There is no detail in the record about the consent decree, but there is a reference to a consent decree between the State of California and the United States Department of Justice in People v. Felix (2008) 169 Cal.App.4th 607. That decree was entered into in August 2006. It appears to be of marginal relevance, since it occurred two years after the 2004 probable cause hearing in this case, and could not, standing alone, explain appellant's failure to seek a transfer between 2004 and 2006. We see no abuse of discretion in the trial court's finding that it was a collateral matter that we require a trial within a trial.

Even assuming that the trial court erred, we would see no probability or possibility that appellant would have received a more favorable outcome if the evidence had been admitted. Appellant's reasons for failing to seek a voluntary transfer to a state hospital after 2004 were a minor issue. There was ample evidence that appellant had not sought formal treatment of any sort for a period of 10 years, had previously stated that he could treat himself but had failed to complete the workbook portions of self-help books that he had acquired, and had told doctors that he did not want to revisit and analyze his offenses, a necessary part of formal treatment programs.

5. Cumulative error

Appellant contends that the cumulative effect of many evidentiary rulings was prejudicial and requires reversal.

To determine whether errors are sufficiently grave to mandate reversal, it is necessary to look at the cumulative effect of the errors. (People v. Cardenas (1982) 31 Cal.3d 897, 907; see also People v. Pitts (1990) 223 Cal.App.3d 606, 815.) Reversal is appropriate only where the appellant has demonstrated that he was prejudiced by such errors. (People v. Bradford (1997) 15 Cal.4th 1229, 1382; People v. Mayfield (1997) 14 Cal.4th 668, 790.) We have assumed for the sake of argument that some of appellant's claims of error are valid. As we discuss below, the errors were minor and even when viewed collectively could not have prejudiced appellant.

a. Dr. Michael First's unpublished article

Appellant claims the trial court erred by not permitting defense counsel to cross-examine Dr. Vognsen about Dr.

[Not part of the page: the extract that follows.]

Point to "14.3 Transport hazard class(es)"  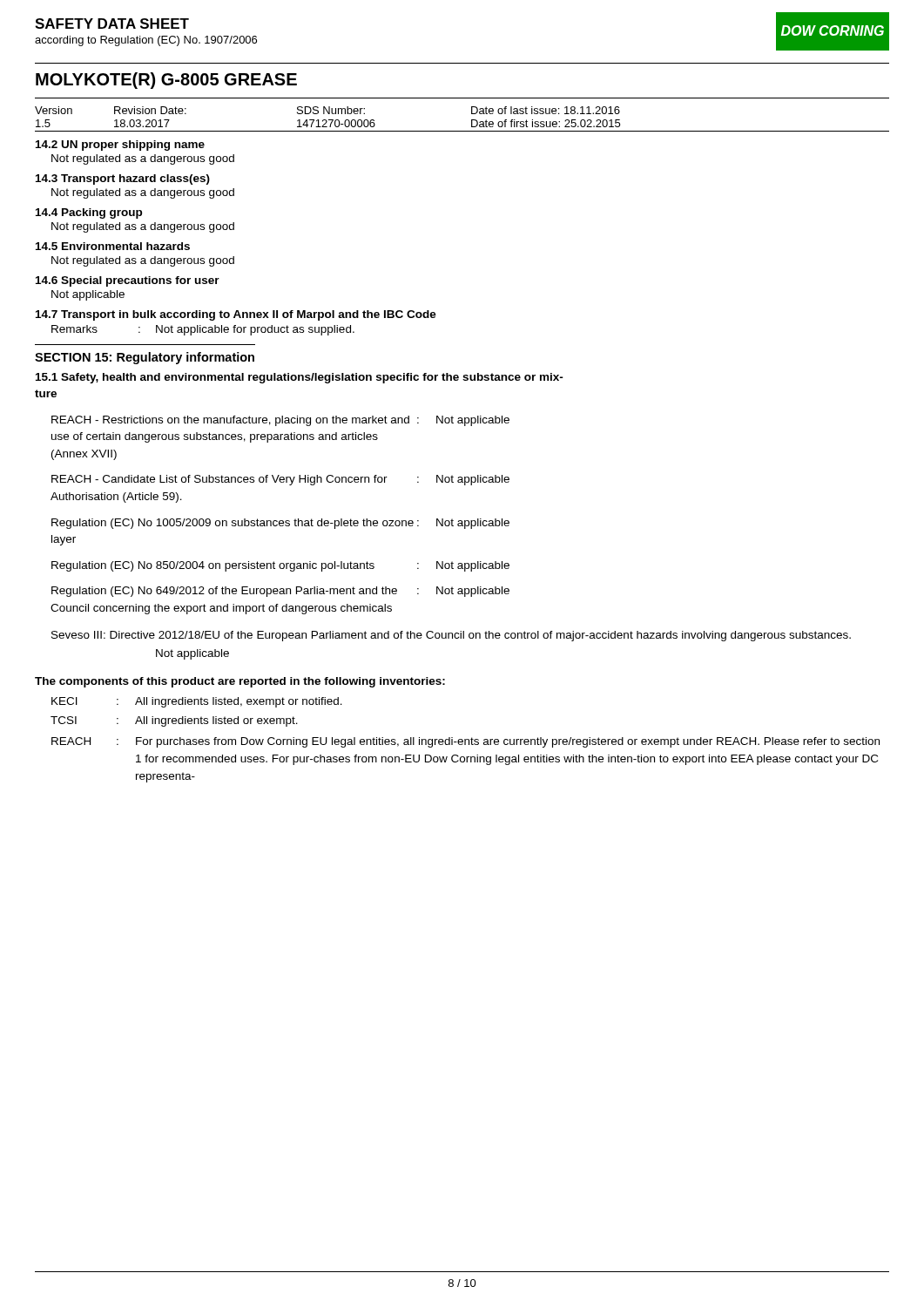click(122, 178)

Michael First's article.

Evidence Code section 721, subdivision (b) provides in pertinent part: "If a witness testifying as an expert testifies in the form of an opinion, he or she may not be cross-examined in regard to the content or tenor of any scientific, technical, or professional text, treatise, journal, or similar publication unless any of the following occurs: [¶] (1) The witness referred to, considered, or relied upon such publication in arriving at or forming his or her opinion. [¶] (2) The publication has been admitted in evidence. [¶] (3) The publication has been established as a reliable authority by the testimony or admission of the witness or by other expert testimony or by judicial notice."

Here, after an objection by the prosecutor, defense counsel contended that

Dr. First's article was considered "published" by experts because it had been accepted for publication and was at the press. The trial court did not agree.

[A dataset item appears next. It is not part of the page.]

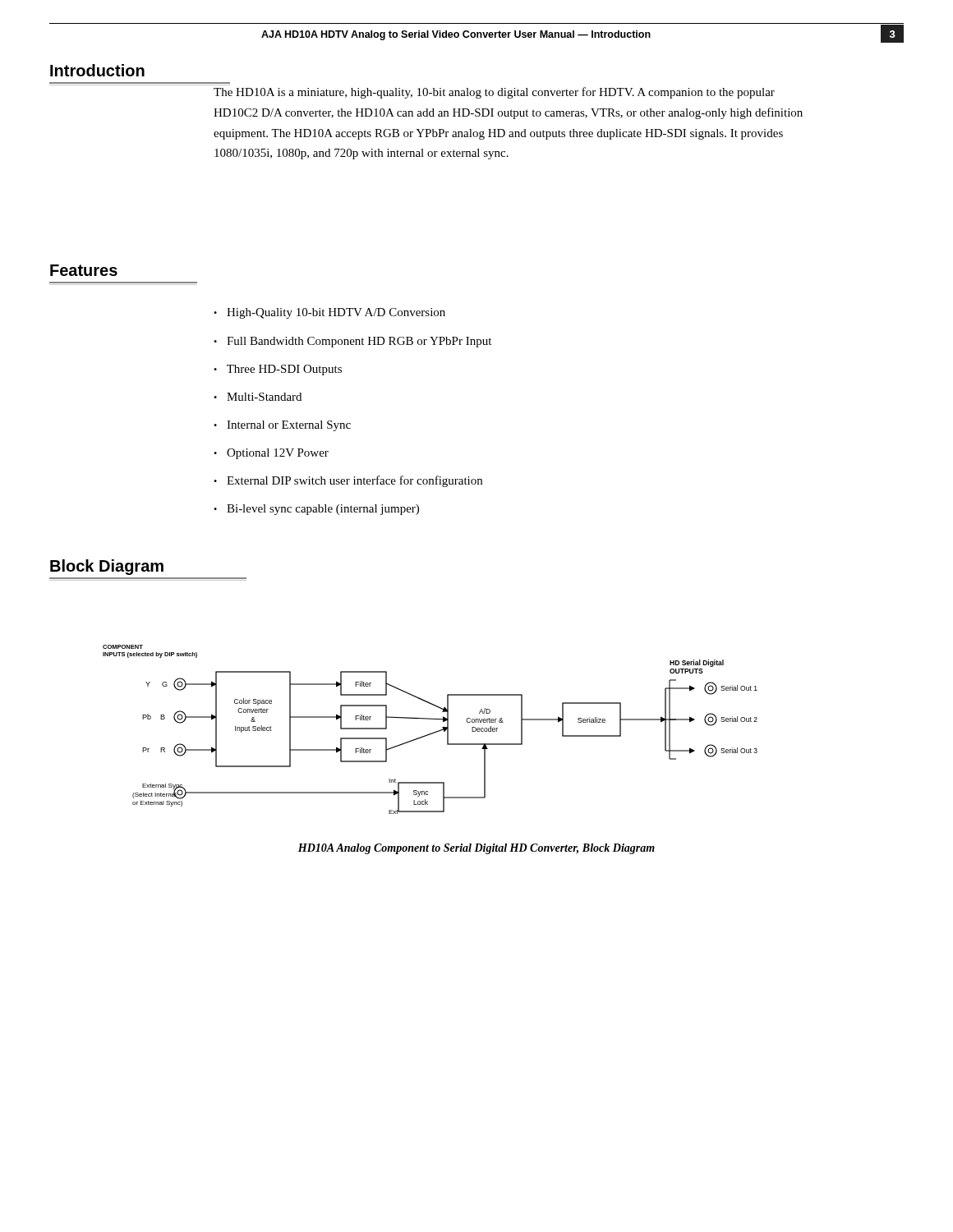953x1232 pixels.
Task: Locate the schematic
Action: [476, 717]

The next day, after the prosecutor read the article, the prosecutor argued it should be excluded under Evidence Code section 721, subdivision (b), because there was no evidence Dr. Vognsen considered Dr. First an expert in the field, there was no evidence Dr. First was an expert in the sexually violent predator area, and because there was no evidence Dr. Vognsen relied on the article or considered it reliable authority. The court agreed with the prosecutor's argument and ruled the article was not admissible.

The court asked Dr. Vognsen whether he read Dr. First's article. Dr. Vognsen replied that he read it for two and a half hours the previous night. The court then asked Dr. Vognsen whether he relied on the article in forming his opinion. Dr. Vognsen replied, "No, I didn't."

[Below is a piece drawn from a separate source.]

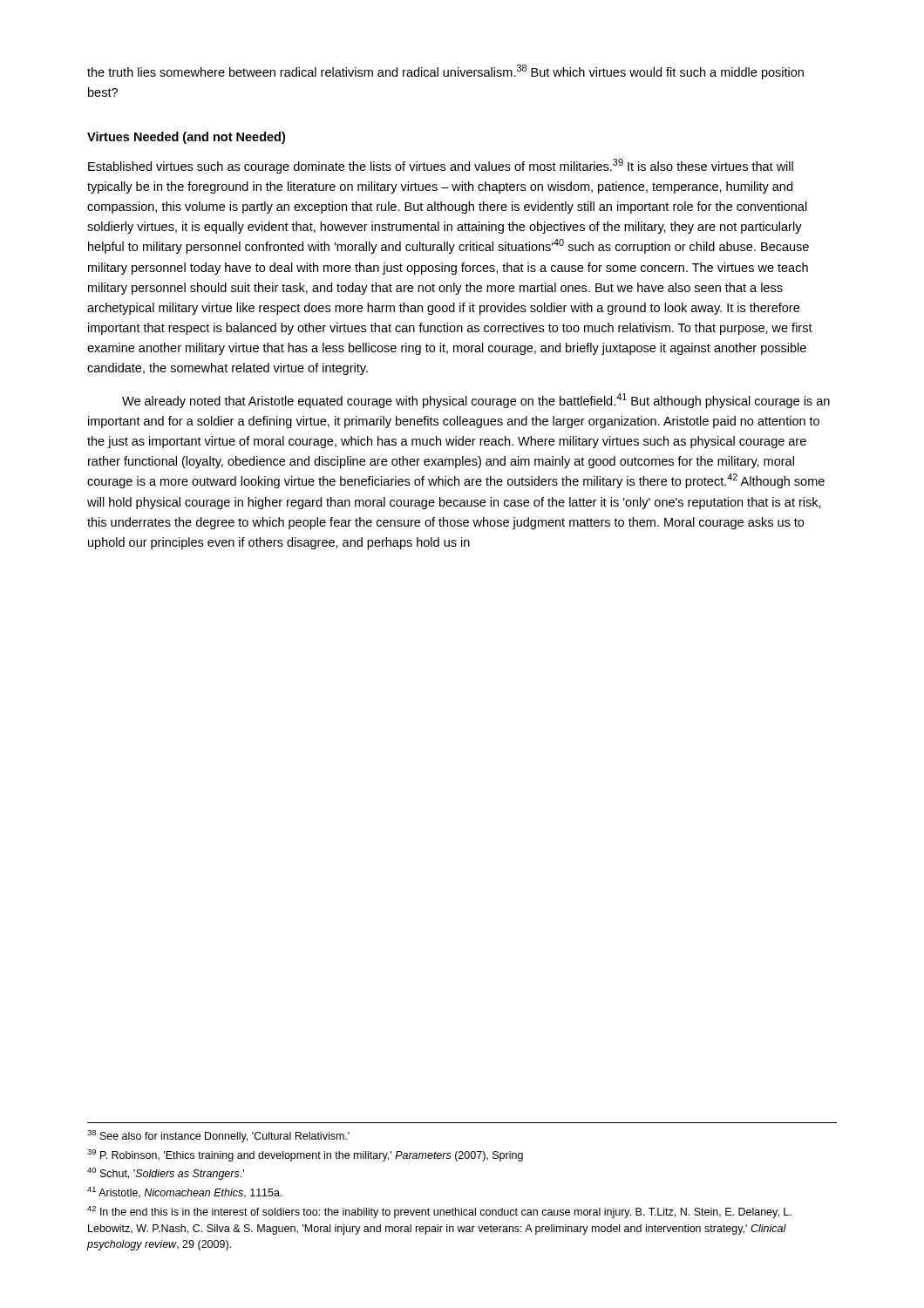Locate the element starting "Established virtues such as courage dominate"

click(x=462, y=268)

We see no abuse of discretion in the trial court's ruling. Dr. Vognsen testified that he did not read the article until it became an issue during trial, and did not rely on the article in forming his opinion. The article had not been published at the time of trial and there is nothing to indicate that it would have been available to Dr. Vognsen or other experts in the field prior to publication. Thus, there was no probative value in

Dr. Vognsen's failure to consider the article.

We do not agree with appellant that it should have been admitted under subdivision (b)(3). There was no testimony that Dr. First's article was a reliable authority, and there was no basis for the trial court to take judicial notice of such a fact.

Appellant contends that since Dr. First was an author and editor of the DSM, any article by him must be considered reliable authority. This argument overlooks the fact that the article was unpublished, but fails in any event. The DSM is a general work on mental illness and covers many areas of mental illness. There is no evidence that Dr. First was an expert in the field of paraphilia generally, or pedophila in particular. The prosecutor argued that, as far as she knew, this was Dr. First's first article regarding "paraphilia diagnosis" and sexually violent predator cases. Appellant's trial counsel argued that Dr. First's article was similar to a deposition of the doctor. We fail to see the relevance of the deposition. Dr. Vognsen was aware of the deposition and described it as being primarily about the diagnosis of rape paraphilia, and then about diagnoses in general. As part of the general discussion of diagnoses, Dr. First also talked about pedophilia. Dr. Vognsen said the deposition gave him a "general understanding of what's happening out there."

b. Dr. Vognsen's report

Appellant next claims the trial court erred in permitting the prosecutor to question Dr. Malinek about the contents of Dr. Vognsen's report and in telling counsel to stop making objections. We see no prejudice to appellant.

Dr. Vognsen had already testified in the case by the time the prosecutor questioned Dr. Malinek about the report. In that testimony, Dr. Vognsen stated that appellant told him that Matthew's mother was "very eager to team up with him. [¶] At one point, he describes her as being sloppy, she's got fat, she was horny, and I kind of let her take me." According to Dr. Vognsen, "He describes her as being sexually aggressive and they connect up. And they stay together for about three months."

The prosecutor apparently showed Dr. Vognsen's report to Dr. Malinek to make him aware of appellant's statements to Vognsen about his relationship with Matthew's mother, which did not match with the description appellant had given Dr. Malinek. Appellant had described the woman as his high school sweetheart to Dr. Malinek. Dr. Malinek could, and did, consider those statements as impacting appellant's credibility. Since the facts were already in evidence, even if using the report to put those facts in front of Malinek was error, it was clearly harmless error.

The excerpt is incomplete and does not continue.